On Mar 27, 2007, at 1:03 PM, Robert Mullen wrote:

> I can see shades of this in the information I have gathered so far.  
> I hope (and it is a somewhat naïve hope I will admit) that Apple  
> will recognize that the release of Vista may have given them an  
> entry point on the business desktop that has not existed before. I  
> am writing this email from a Vista desktop and can say that as  
> promising as some of the technologies are, the desktop simply is  
> not ready for prime time. Apple integration of a Unix backend  
> positions them exceptionally well from a strategic standpoint *but*  
> they must execute. If they make the lock in mistake they will miss  
> this opportunity IMO. None of that is to say they should not focus  
> their primary resources on Cocoa which is a nice framework but they  
> must realize that the time to get their foot in the door is now and  
> the most immediate way to do that is via Mono. Cocoa-Objective C is  
> not ready to be a business application development platform. I  
> think Cocoa has potential but am less certain of Objective C.  
> Clearly a strength of Microsoft is their developer tools and APIs.  

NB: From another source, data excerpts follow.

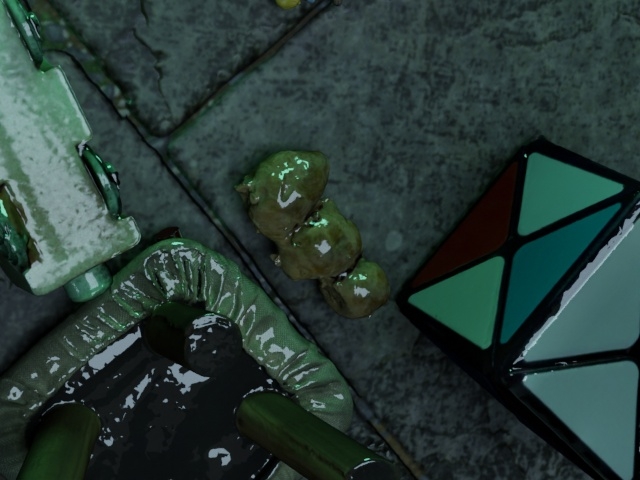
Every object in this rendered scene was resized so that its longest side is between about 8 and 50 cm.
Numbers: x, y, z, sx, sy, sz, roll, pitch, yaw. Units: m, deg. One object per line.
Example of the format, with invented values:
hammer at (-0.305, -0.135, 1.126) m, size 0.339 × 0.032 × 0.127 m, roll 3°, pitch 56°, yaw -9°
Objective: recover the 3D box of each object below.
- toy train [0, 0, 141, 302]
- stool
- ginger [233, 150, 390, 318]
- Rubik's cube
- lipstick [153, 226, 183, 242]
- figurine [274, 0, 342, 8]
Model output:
toy train at (-0.277, -0.096, 1.368) m, size 0.129 × 0.159 × 0.326 m, roll -30°, pitch 109°, yaw -17°
stool at (-0.124, 0.203, 1.457) m, size 0.310 × 0.226 × 0.310 m, roll -44°, pitch 116°, yaw 1°
ginger at (0.000, 0.000, 1.553) m, size 0.104 × 0.080 × 0.204 m, roll -39°, pitch 113°, yaw -17°
Rubik's cube at (0.271, 0.078, 1.598) m, size 0.246 × 0.248 × 0.250 m, roll 43°, pitch 85°, yaw -27°
lipstick at (-0.123, 0.068, 1.547) m, size 0.027 × 0.027 × 0.176 m, roll -26°, pitch 113°, yaw -16°
figurine at (-0.015, -0.249, 1.507) m, size 0.083 × 0.047 × 0.050 m, roll -5°, pitch 115°, yaw -18°
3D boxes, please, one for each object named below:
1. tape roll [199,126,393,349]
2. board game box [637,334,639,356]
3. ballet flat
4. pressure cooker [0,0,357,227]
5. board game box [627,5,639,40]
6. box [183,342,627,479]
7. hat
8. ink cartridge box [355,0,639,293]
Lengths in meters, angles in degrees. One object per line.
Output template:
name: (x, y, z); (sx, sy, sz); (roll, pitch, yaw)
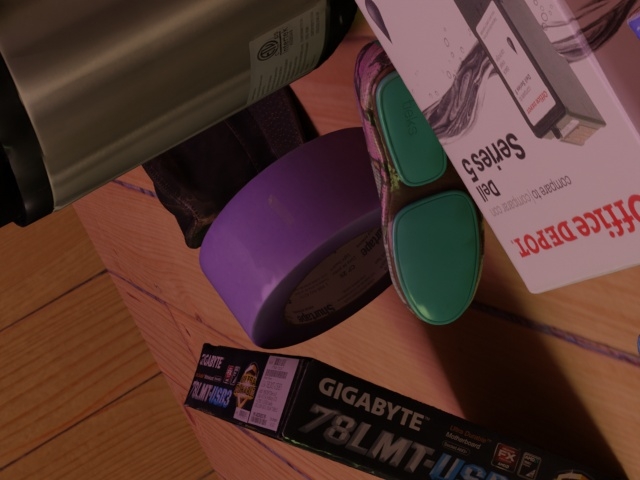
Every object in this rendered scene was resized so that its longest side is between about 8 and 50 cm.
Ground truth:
tape roll: (0.000, 0.000, 1.135); (0.080, 0.189, 0.189); (53, 162, 22)
board game box: (0.242, 0.278, 0.658); (0.390, 0.050, 0.390); (71, -178, -52)
ballet flat: (0.069, -0.046, 1.008); (0.079, 0.077, 0.221); (-114, 7, -61)
pressure cooker: (-0.227, -0.209, 1.027); (0.375, 0.420, 0.370); (36, 153, 53)
board game box: (0.271, -0.012, 0.425); (0.291, 0.141, 0.232); (58, 163, 1)
box: (0.059, 0.168, 1.181); (0.295, 0.073, 0.293); (22, 173, -17)
hat: (-0.111, -0.071, 1.429); (0.331, 0.134, 0.331); (52, 161, 25)
ink cartridge box: (0.120, -0.122, 0.710); (0.273, 0.115, 0.198); (59, 163, 0)
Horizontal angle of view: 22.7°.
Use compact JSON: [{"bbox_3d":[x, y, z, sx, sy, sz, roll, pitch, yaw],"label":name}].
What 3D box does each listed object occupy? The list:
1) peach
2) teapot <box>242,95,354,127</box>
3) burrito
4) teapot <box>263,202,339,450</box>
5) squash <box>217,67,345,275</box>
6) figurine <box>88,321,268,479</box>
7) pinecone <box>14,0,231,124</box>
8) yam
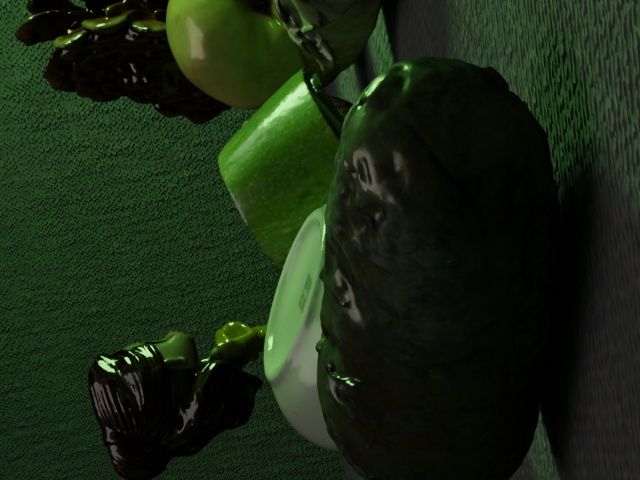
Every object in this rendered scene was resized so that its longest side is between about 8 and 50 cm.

> I have developed on these as my primary responsibility for my  
> entire career and have seen the progression which has been  
> impressive. With Mono, a large developer base can be leveraged and  
> that alone eases a major cost of transition. I guess the question  
> becomes whether Apple is content with the "Creative" niche as far  
> as business desktops go or whether they really want to challenge  
> for dominance. If they want to challenge they need to ease the path  
> of transition for those willing early adopters and do what they can  
> to minimize the risk of transition. It is a monumental task for a  
> Windows shop.
>
> I will be going to my first WWDC this year and hope to meet some  
> likeminded individuals and possibly make some contacts within Apple  
> itself. The company I work for was a pioneer adopter of Intel- 
> Windows in our industry (we were actually featured in Intel  
> brochures) and we think the time may be coming for another  
> pioneering effort. We hope to find Apple to be supportive. As  
> a .NET shop that would almost certainly have to include Mono as a  
> foundational piece.
>
>
>
> From: mono-osx-bounces at lists.ximian.com [mailto:mono-osx- 
> bounces at lists.ximian.com] On Behalf Of Eoin Norris
> Sent: Tuesday, March 27, 2007 3:01 AM
> To: Andrew Satori; Mono-OSX List
> Cc: Miguel de Icaza
> Subject: Re: [Mono-osx] An open letter to the OS X Mono group.
>
>
> If Apple step up to the plate on mono they will, I think, be  
> pushing their own core technologies ( read : Cocoa) as well as  
> mono. i think they may be interested in some version of the  
> dumbarton project, if anything. Were mono to be the main platform  
> for development on the Mac, then the OS/AppKit team would not be in  
> a position to innovate for developers.. If you read Apple's spiel  
> on it's newest operating system releases the marketing does not  
> focus on just what is available for consumers, but what new  
> technologies are available for developers - and this is standard  
> marketing guff sold to everyone not just sold on specific developer  
> mailing lists ( the latest such technology to be touted is Core  
> Animations, a Cocoa framework for cool animations probably used in  
> the iPhone).
>
> It is a stretch to believe that they will create these technologies  
> and immediately port them to mono ( which in any case could create  
> a disconnect between the Apple mono api set and the standard api set).
>
> The API defines the OS, to a large extent. As does the UI.
>
> That said, this year's WWDC is about  getting windows developers  
> onto the Mac. I wonder if a senior representative on this list  
> could point Apple developer connection to the possibilities of   
> using mono, Cocoa#, or Dumbarton/Objective C on the Mac  . I think  
> Apple would be most amenable to promoting a mono back-end, and a  
> cocoa front-end.
>
> However, they may not be following the possibilities of mono on the  
> Mac, at all, but this is the year to push it.
>
> -- Eoin Norris
>
>
>
> On 27 Mar 2007, at 03:13, Andrew Satori wrote:
>
>
>  Until a big
> player, (and I think that player almost *has* to be Apple) steps up,
> I don't think we'll ever get enough Mac specific resources to get
> Mono on the Mac to be a full peer to Mono on Linux.